The goal is to have a key per repository which represents its state. When retrieving a value from the info/refs cache, we look it up by this key. This allows us to have an immutable and relatively "dumb" blob cache. E.g. if the key is yMjAwMFowZjE then we would look up a cached info/refs blob by blob key hashedKey("repo.git", "v1", "info/refs", "yMjAwMFowZjE"). If no blob is found for that hashed key we know we have to create a new one. The blob store would use time-based expiry.

Design

Each repository gets a state directory state. Doesn't matter where it is as long as it's in the storage root. Could be repo.git/gitaly/state.
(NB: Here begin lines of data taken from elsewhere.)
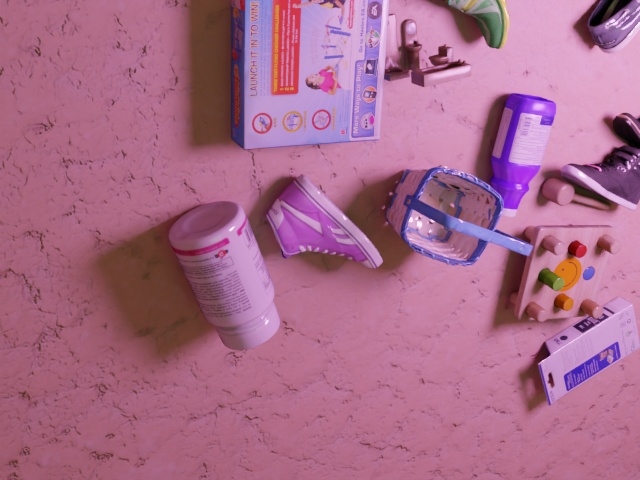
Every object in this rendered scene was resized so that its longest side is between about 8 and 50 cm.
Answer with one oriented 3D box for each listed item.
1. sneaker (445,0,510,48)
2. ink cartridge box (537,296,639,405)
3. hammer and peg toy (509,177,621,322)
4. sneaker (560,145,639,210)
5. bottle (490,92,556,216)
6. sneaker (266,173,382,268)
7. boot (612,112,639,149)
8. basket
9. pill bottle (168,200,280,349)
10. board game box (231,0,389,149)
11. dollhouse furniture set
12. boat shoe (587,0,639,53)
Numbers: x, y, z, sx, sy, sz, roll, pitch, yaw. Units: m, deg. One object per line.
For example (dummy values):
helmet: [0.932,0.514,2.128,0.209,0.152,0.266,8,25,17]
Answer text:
sneaker: [0.308,-0.525,1.723,0.123,0.109,0.296,-26,124,13]
ink cartridge box: [0.731,0.305,2.283,0.332,0.065,0.166,-28,120,-14]
hammer and peg toy: [0.638,0.032,2.084,0.265,0.127,0.362,0,111,-25]
sneaker: [0.717,-0.182,2.052,0.295,0.104,0.147,16,102,-36]
bottle: [0.461,-0.197,1.924,0.118,0.092,0.283,2,110,-25]
sneaker: [0.000,0.000,1.793,0.282,0.102,0.161,42,93,-22]
boot: [0.818,-0.306,2.068,0.197,0.077,0.137,30,92,-45]
basket: [0.288,-0.048,1.789,0.254,0.289,0.201,19,102,-32]
pill bottle: [-0.189,0.076,1.692,0.160,0.160,0.283,-26,119,-13]
board game box: [-0.023,-0.347,1.636,0.301,0.086,0.309,-6,114,-23]
dollhouse furniture set: [0.206,-0.396,1.686,0.144,0.151,0.123,-17,117,-21]
boat shoe: [0.726,-0.584,1.875,0.099,0.116,0.320,27,103,-35]

What matters is that all Gitaly nodes that access this repository via NFS can find the state directory.

The state contains a file state/key. This key contains a random nonce. Ongoing writes take a lease by creating a randomly named (empty) file in the state/pending directory.

Readers

A reader looks up the key as follows:

  1. get directory entries of state/pending
  2. if there are pending entries older than one hour: update state/key to new random value, delete old pending entries
  3. open file state/key
  4. if missing, create a new state/key with random contents
  5. return contents of state/key

Writers

A writer has a critical section, during which we know an update is happening. At the start of the critical section the writer creates a randomly named file state/pending/572gasfg0; this constitutes a lease.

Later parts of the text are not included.